霊長類の飼育係責任者は長谷川さんと言って、がっしりした体格の中年の男性である。啓太はざっくばらんに動物たちのことを聞いていった。
「動物の赤ちゃんや子供で、人気者や面白いものはありますか?」
「う~む、霊長類ではオランウータンの赤ちゃんですかね。チンパンジーの子供もいますが、人気となると今一(いまいち)かな・・・」
「霊長類で足りなければ、哺乳類全体を見てどうですか?」
「私は哺乳類全体を見ているわけではないですが、最近、キリンが赤ちゃんを出産しましたね。
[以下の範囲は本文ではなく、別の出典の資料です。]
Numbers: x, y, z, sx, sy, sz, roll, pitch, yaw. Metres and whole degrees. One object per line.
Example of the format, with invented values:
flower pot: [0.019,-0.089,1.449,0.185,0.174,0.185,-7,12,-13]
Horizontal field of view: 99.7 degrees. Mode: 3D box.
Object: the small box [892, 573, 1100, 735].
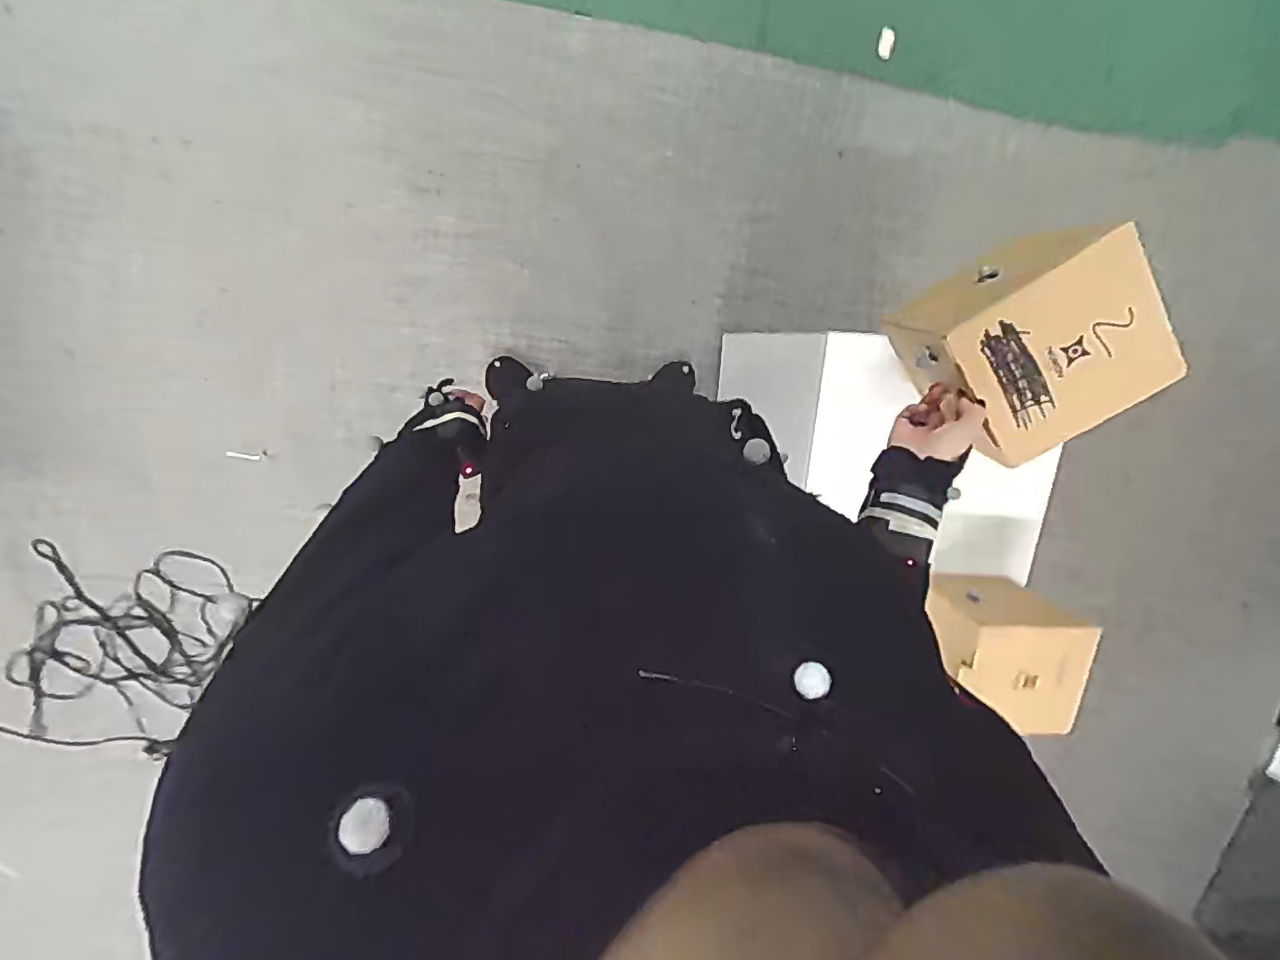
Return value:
small box: [0.503,0.246,0.793,0.179,0.176,0.168,2,105,-8]

あとはその係りに聞いてみないと分かりません」
啓太はこのあともいろいろ質問したが、意外に動物は子供を産んでいないと思った。
「人間に比べて少ないですね」
「ええ、動物は交尾期が決まっているし、オスメスの相性がありますからね」
そこで、啓太は口を滑らした。彼の悪い癖である。
「人間よりも動物の方が“高尚”な感じがしますね。人間はいつだって、相手が誰だって交わることができるんですから。フランス人なんか毎日やってるそうですよ」
「ハッハッハッハ、あなたは面白いことを言いますね」
長谷川さんは大笑いをしたが、哺乳類のことを担当飼育員からくわしく聞くと言って自室に戻っていった。そして、15分ほどするとまた彼が現われてこう言った。
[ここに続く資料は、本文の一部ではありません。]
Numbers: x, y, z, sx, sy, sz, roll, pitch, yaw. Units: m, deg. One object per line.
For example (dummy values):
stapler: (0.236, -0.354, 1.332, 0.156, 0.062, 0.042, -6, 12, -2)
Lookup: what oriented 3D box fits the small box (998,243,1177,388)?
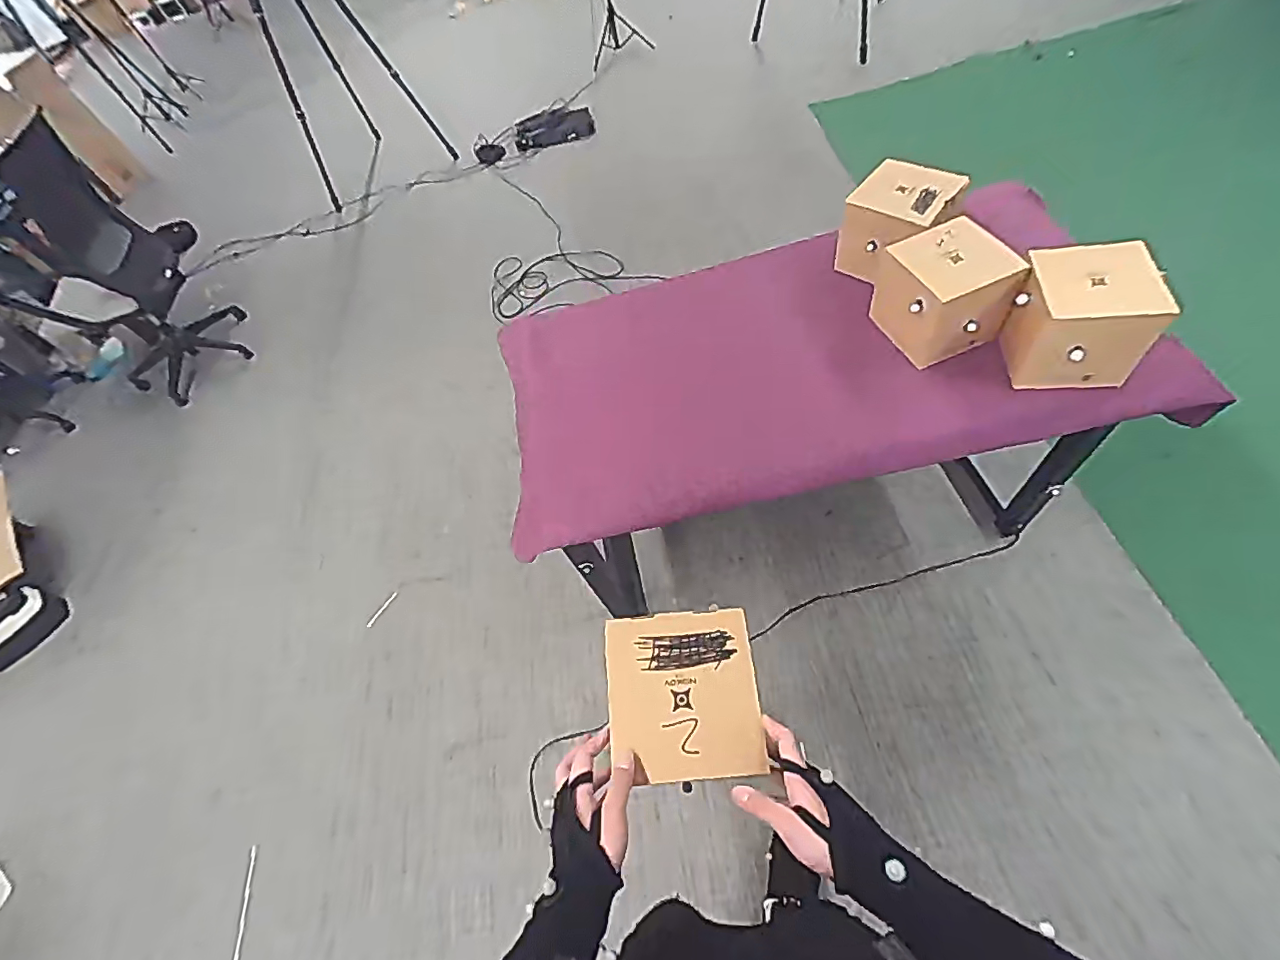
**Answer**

「ヒョウ(豹)の赤ちゃんもいますよ。最近、購入したばかりです。あとはクジャク(孔雀)の子供ぐらいかな・・・」
なんとか取材ができる状況になってきた。啓太は翌日の午前中から、カメラマンを連れて伺いたいと申し込んだ。取材はすぐに了承されたので、彼は長谷川さんにお礼を言って動物園を後にしたのである。
社に戻った啓太が下地デスクに報告すると、翌日は土曜日だったが、夕方のニュースで取り上げたいという。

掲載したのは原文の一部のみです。